Nigerians in America are not only unraveling the mysteries of the universe, specializing in heart ailments and solving grave medical problems, they are also outstanding people in the arts, such as prize-winning author Chimamanda Ngozi Adichie and actress Sophie Okonedo, who was nominated for an Oscar for her role opposite Don Cheadle in Hotel Rwanda.
These superb Nigerians have definitely and definitively established their American credentials, but how do they relate to their homeland? “I visit at least once a year. Mainly, I return there to teach and to train, but it’s also an opportunity to see my many friends and family there,” says Akinboboye. “While we are on this subject of visitations to Nigeria,” he adds, “there is a somewhat reverse migration going on. Many Nigerians are returning now that things are a bit calmer, particularly in the southern part of the country.”
Omoyele Sowore, founder of Sahara Reporters, is providing a platform to counter the negative images of Nigerians. “Sahara Reporters is not a journalistic endeavor,” he said in an interview posted on his site. “It is a reportorial platform for Nigerian citizens. It is a place where citizens report news — where they report themselves. We report events, news and write reports of real time issues. It is our response to the failure — the refusal or lack of will on the part of professional journalists — to report real news to the people. The goal of Sahara Reporters is like asking citizens to prepare their own food instead of eating junk food.”
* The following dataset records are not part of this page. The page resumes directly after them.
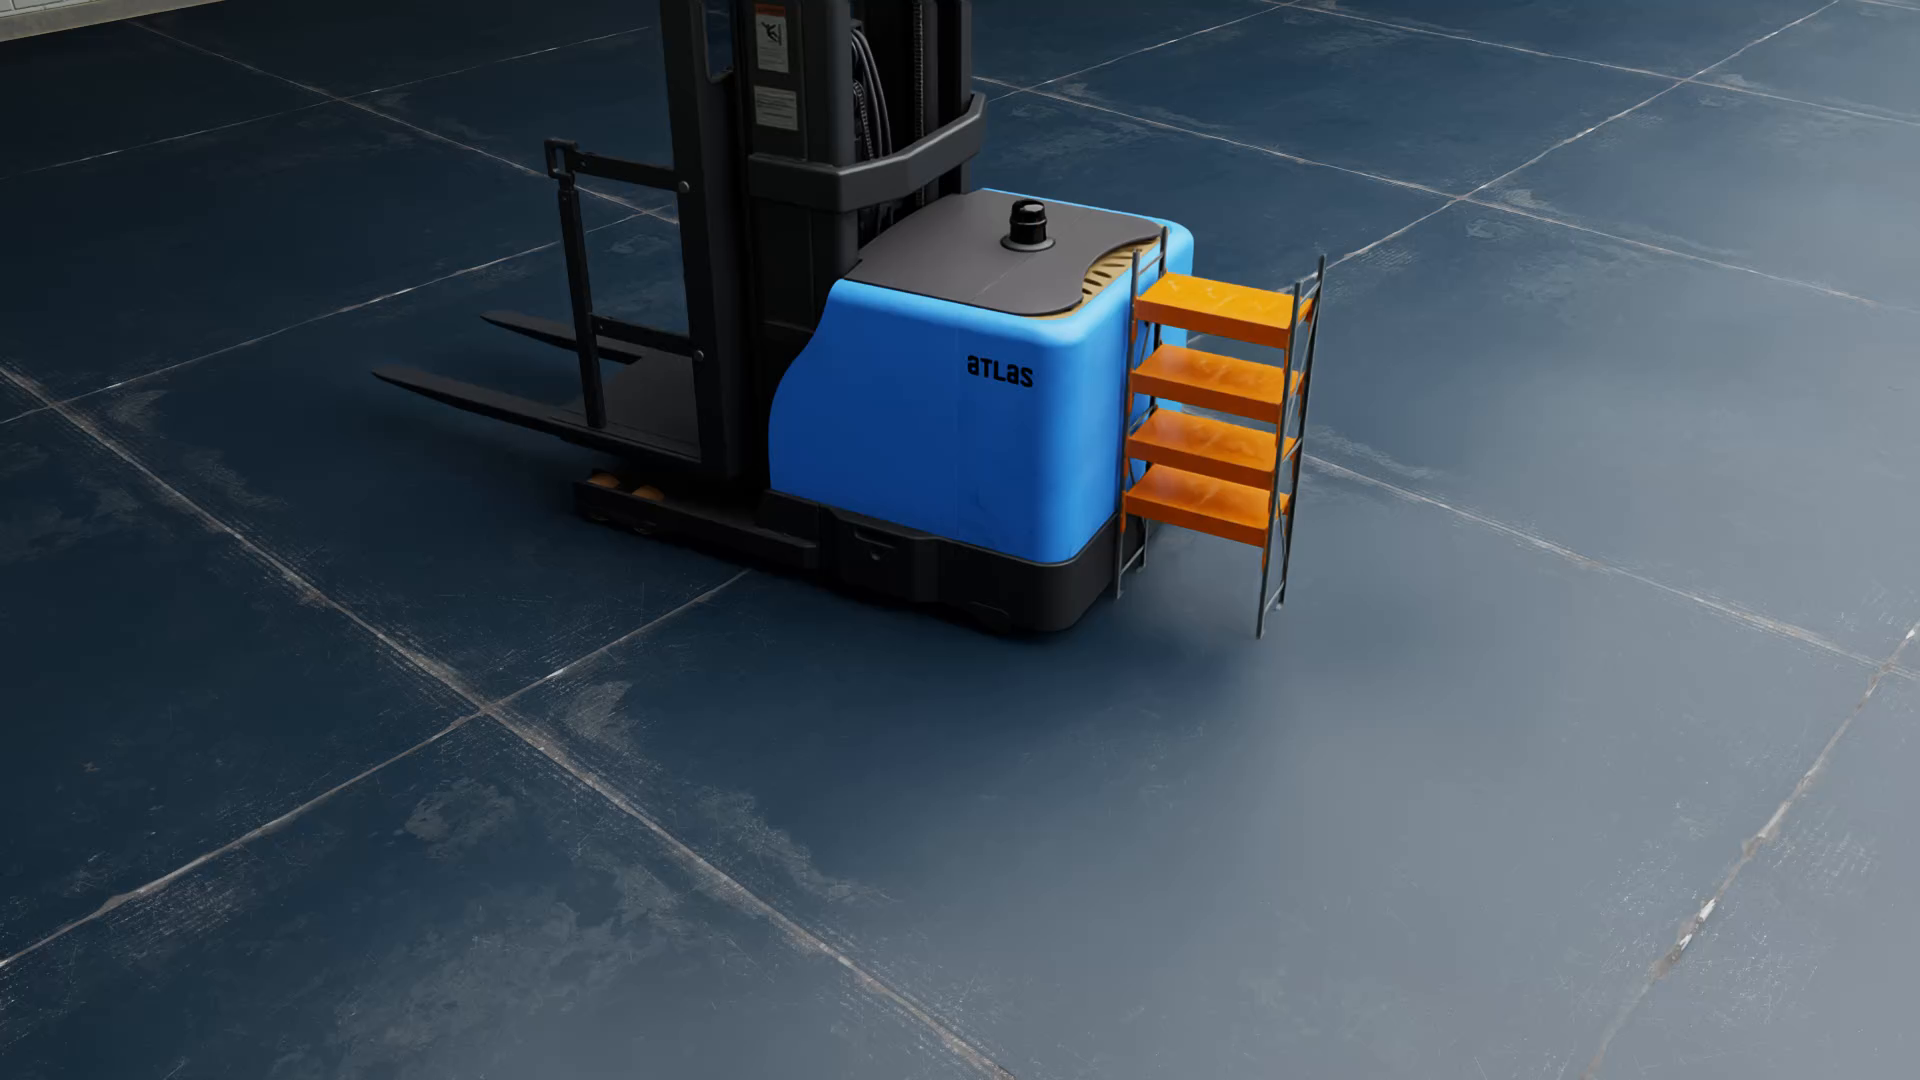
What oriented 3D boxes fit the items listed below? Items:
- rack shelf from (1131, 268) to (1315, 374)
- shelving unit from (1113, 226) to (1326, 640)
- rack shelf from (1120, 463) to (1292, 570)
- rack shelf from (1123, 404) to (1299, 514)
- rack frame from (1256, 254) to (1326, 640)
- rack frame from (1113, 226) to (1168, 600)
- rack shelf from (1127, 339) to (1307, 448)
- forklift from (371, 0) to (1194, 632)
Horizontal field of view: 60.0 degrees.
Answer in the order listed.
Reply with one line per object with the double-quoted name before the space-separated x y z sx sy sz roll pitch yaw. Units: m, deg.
"rack shelf" 0.778 -0.651 4.905 0.480 0.148 0.258 15 34 24
"shelving unit" 0.778 -0.314 5.108 0.503 1.200 0.258 15 34 24
"rack shelf" 0.778 -0.086 5.245 0.480 0.148 0.258 15 34 24
"rack shelf" 0.778 -0.256 5.143 0.480 0.148 0.258 15 34 24
"rack frame" 0.993 -0.255 5.010 0.015 1.200 0.240 15 34 24
"rack frame" 0.562 -0.373 5.206 0.015 1.200 0.240 15 34 24
"rack shelf" 0.778 -0.448 5.027 0.480 0.148 0.258 15 34 24
"forklift" -0.776 -1.497 5.395 3.031 2.935 1.130 15 34 24

Equally indispensable is The African Sun Times, with the esteemed “dean of African media in America,” Chika Onyeani, at the helm. A recent issue of the newspaper carries an interview with Nigerian-born Chidinma Emenike, who at that time was competing for Miss West Africa USA, 2011. Asked to give her definition of success she replied: “Success, to me, means setting goals and always trying for those goals. The reality is that sometimes you may not achieve exactly what you set out to do, but if you give up, or, worse, if you never try, you are a failure. This, I can guarantee. Therefore, I measure true success by the climb ... by never giving up the climb — no matter how difficult it sometimes may be.”
This advice clearly has been absorbed by thousands of Nigerians in America who have never given up and who continue to make newsworthy contributions in their adopted home.